You can try out the extension on mybinder.org by clicking the Binder badge above, and refer to the Usage section for more information.

The following software is installed in this environment.

If you create a Notebook file in this environment, it will be automatically indexed in Solr and you will be able to search for it. Please refer to the Usage section for more information.

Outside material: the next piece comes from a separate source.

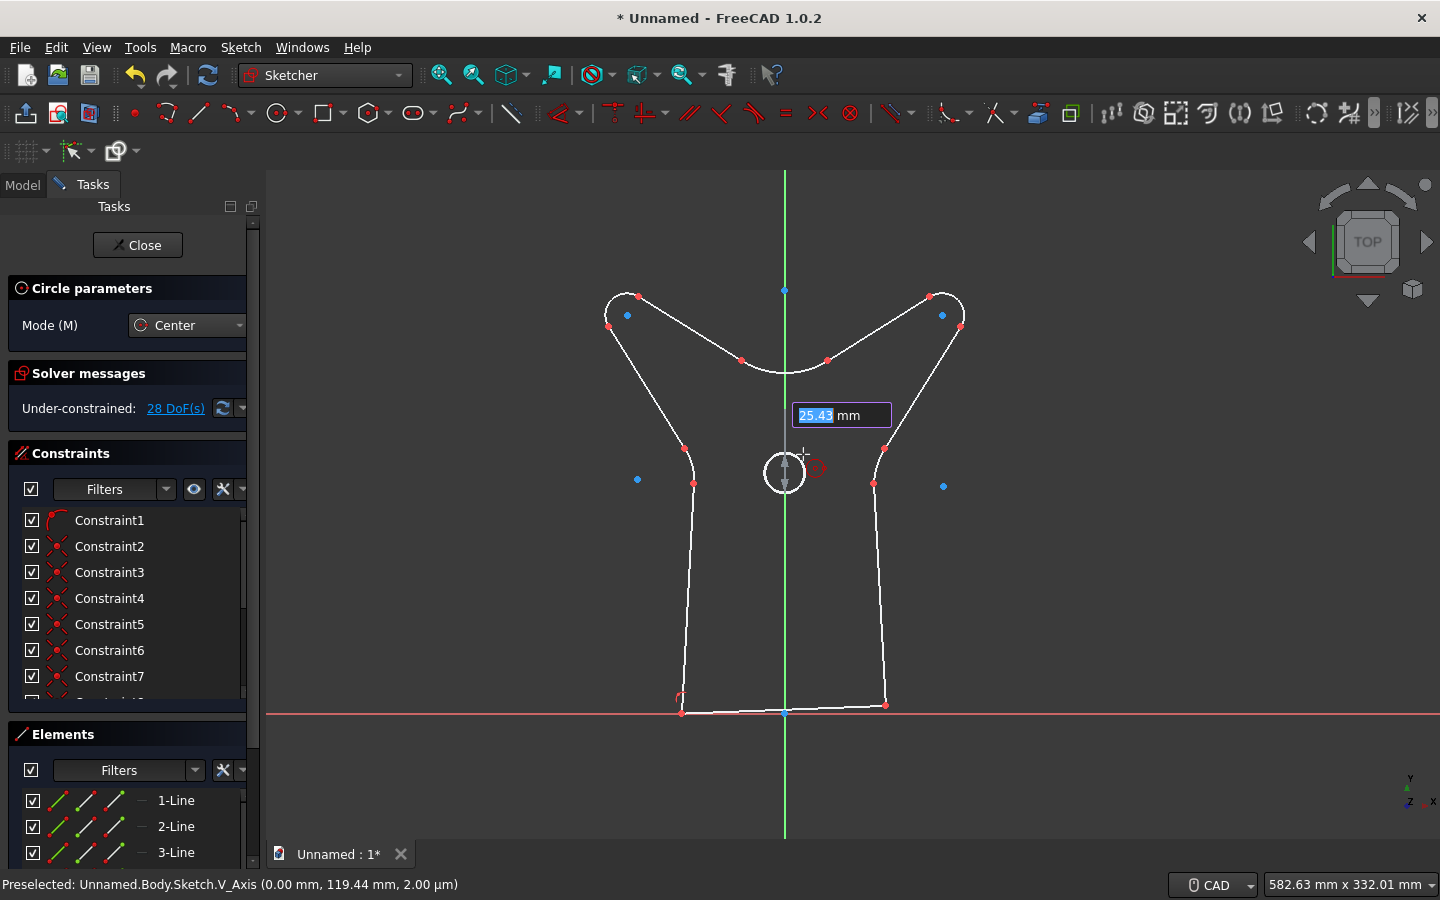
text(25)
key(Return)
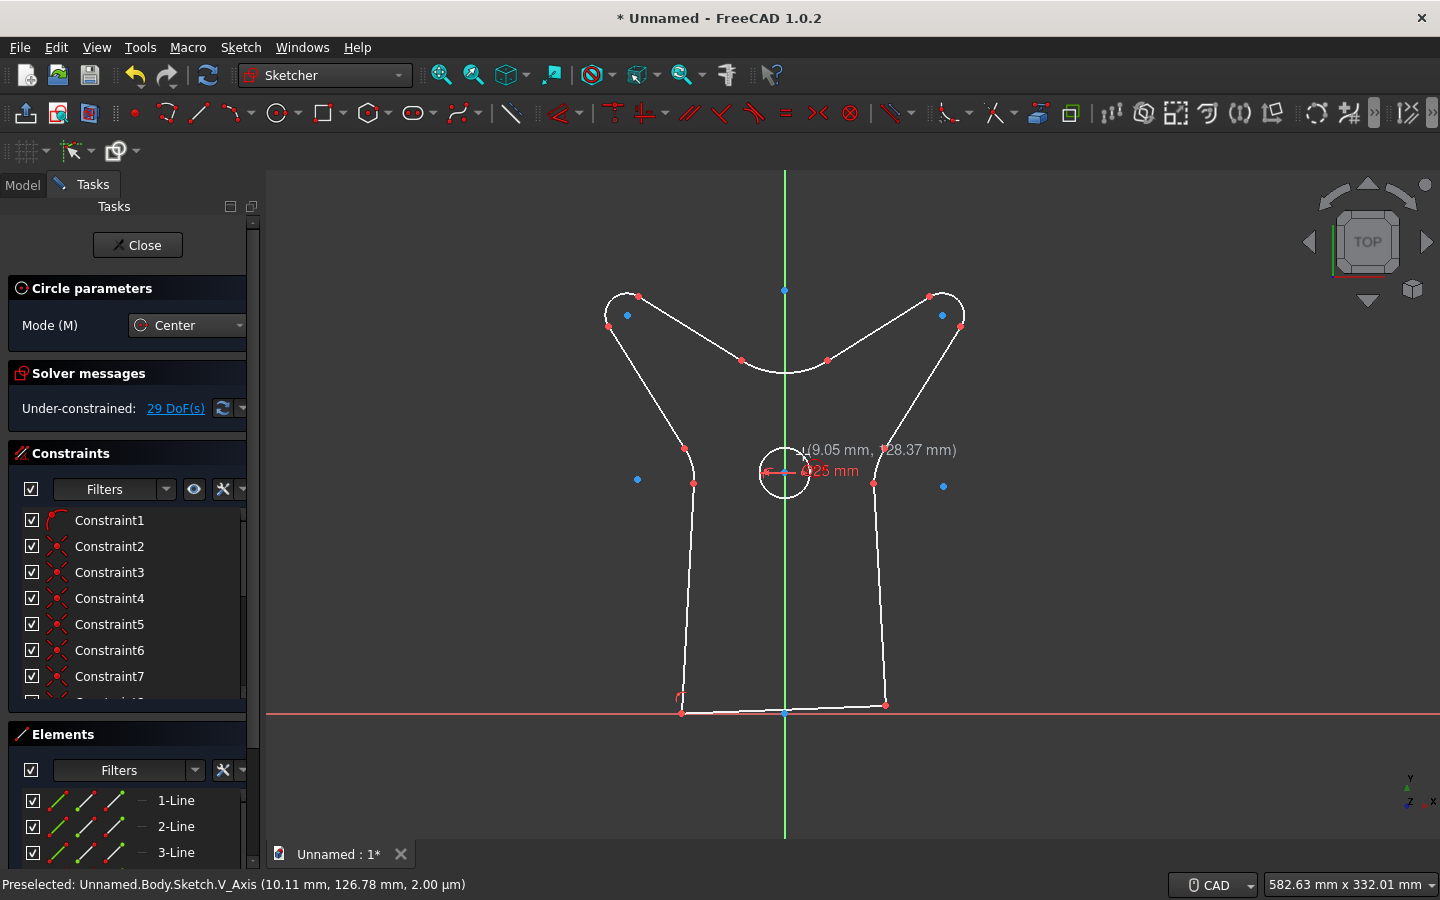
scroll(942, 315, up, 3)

Note: It may take some time for Apache Solr and MinIO to start up. If your search fails, please wait a while and try again.

Requirements

  • JupyterLab >= 4.0.0
  • Jupyter Notebook >= 7.0.0

Install

To install the extension, execute:

pip install git+https://github.com/NII-cloud-operation/nbsearch

To use nbsearch extension, you will also need to install and enable. You can use Jupyter subcommand:

jupyter server extension enable nbsearch
jupyter labextension enable nbsearch

# If you want to use the extension with the classic notebook,
# you need to install and enable the nbclassic notebook extension.
jupyter nbclassic-extension install --py --sys-prefix nbsearch
jupyter nbclassic-serverextension enable --py --sys-prefix nbsearch
jupyter nbclassic-extension enable --py --sys-prefix nbsearch

To compare multiple Notebooks, you need to install Jupyter-LC_notebook_diff, as shown below.

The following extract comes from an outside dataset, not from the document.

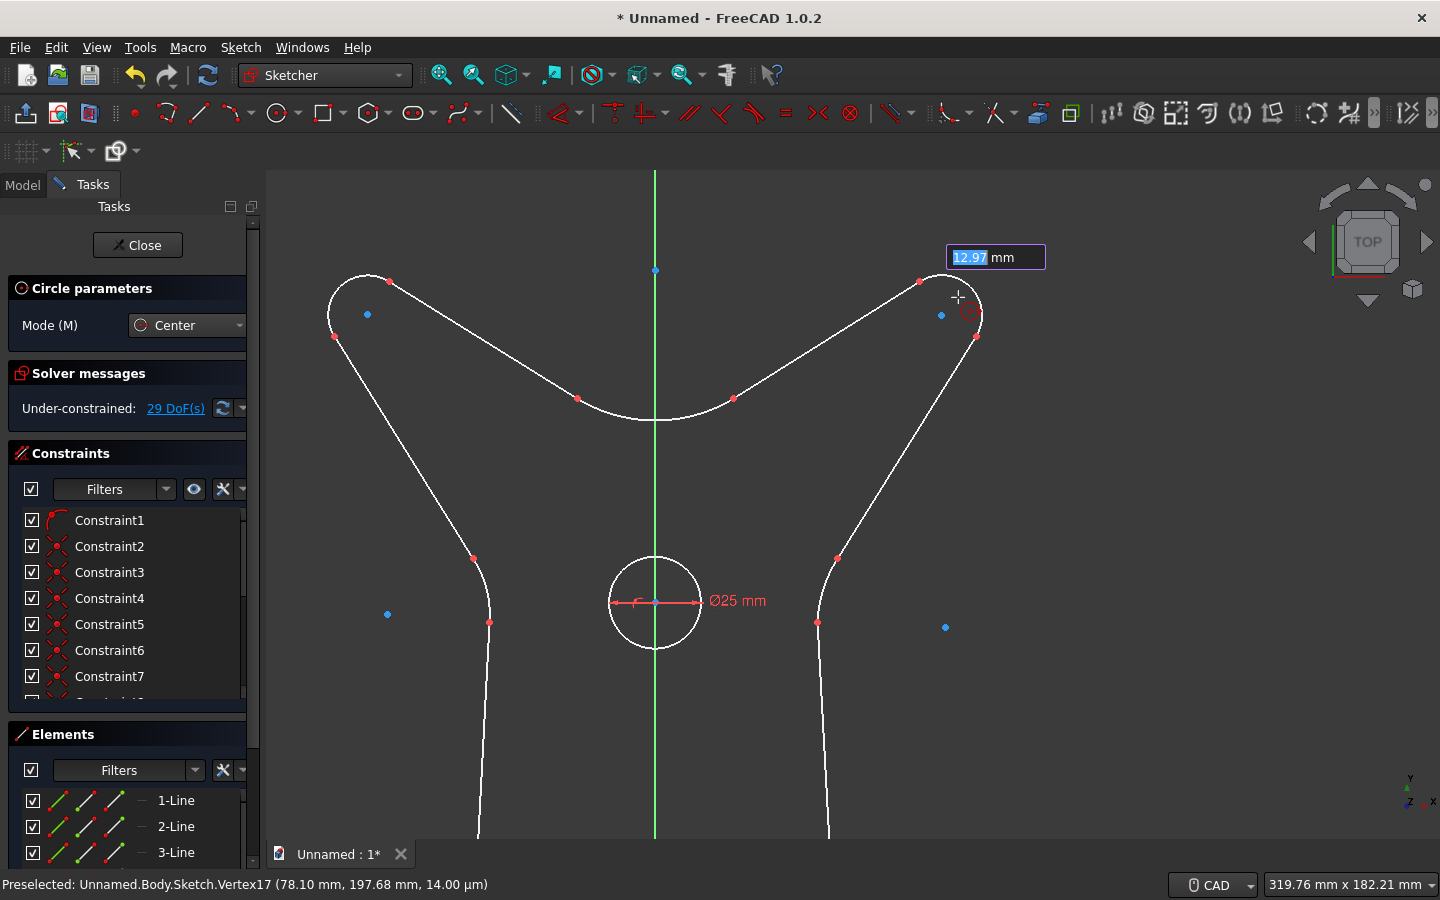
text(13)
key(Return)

pip install git+https://github.com/NII-cloud-operation/Jupyter-LC_notebook_diff.git@feature/lab
jupyter labextension enable lc_notebook_diff

# If you want to use the extension with the classic notebook,
# you need to install and enable the nbclassic notebook extension.
jupyter nbclassic-extension enable --py --sys-prefix lc_notebook_diff

then restart Jupyter notebook.

Settings

In order to use nbsearch, Solr and S3 compatible storage is required. Solr is used as a search index and S3 compatible storage is used to store the Notebook data.

You must prepare a Solr server and a S3 compatible storage that can be connected from your Jupyter Notebook, and describe the configuration in your jupyter_notebook_config.

Setting up Solr

You need to install Solr and configure two cores with the following schemas.

  1. jupyter-notebook core
  2. jupyter-cell core

Prepare S3 compatible storage

You can use AWS S3 or MinIO as your S3 compatible storage. Install if needed.

Configuring Jupyter Notebook

You need to describe the following settings in jupyter_notebook_config.

c.NBSearchDB.solr_base_url = 'http://localhost:8983'
c.NBSearchDB.s3_endpoint_url = 'http://localhost:9000'
c.NBSearchDB.solr_basic_auth_username = 'USERNAME_FOR_SOLR'
c.NBSearchDB.solr_basic_auth_password = 'PASSWORD_FOR_SOLR'
c.NBSearchDB.s3_access_key = 'ACCESS_KEY_FOR_S3'
c.NBSearchDB.s3_secret_key = 'SECRET_KEY_FOR_S3'

c.LocalSource.base_dir = '/home/jovyan'
c.LocalSource.server = 'http://localhost:8888/'
  • c.NBSearchDB.solr_base_url - The base URL of Solr(default: http://localhost:8983)
  • c.NBSearchDB.solr_basic_auth_username, c.NBSearchDB.solr_basic_auth_password - The username and password for Solr(if needed)
  • c.NBSearchDB.s3_endpoint_url - The URL of S3(default: http://localhost:9000)
  • c.NBSearchDB.s3_access_key, c.NBSearchDB.s3_secret_key - The access key and secret key for S3(required)
  • c.NBSearchDB.s3_region_name - The region name of S3(if needed)
  • c.NBSearchDB.s3_bucket_name - The bucket on S3(required)
  • c.NBSearchDB.solr_notebook - The core for notebooks on Solr(default: jupyter-notebook)
  • c.NBSearchDB.solr_cell - The core for cells on Solr(default: jupyter-cell)
  • c.LocalSource.base_dir - Notebook directory to be searchable
  • c.LocalSource.server - URL of my server, used to identify the notebooks on this server(default: http://localhost:8888/)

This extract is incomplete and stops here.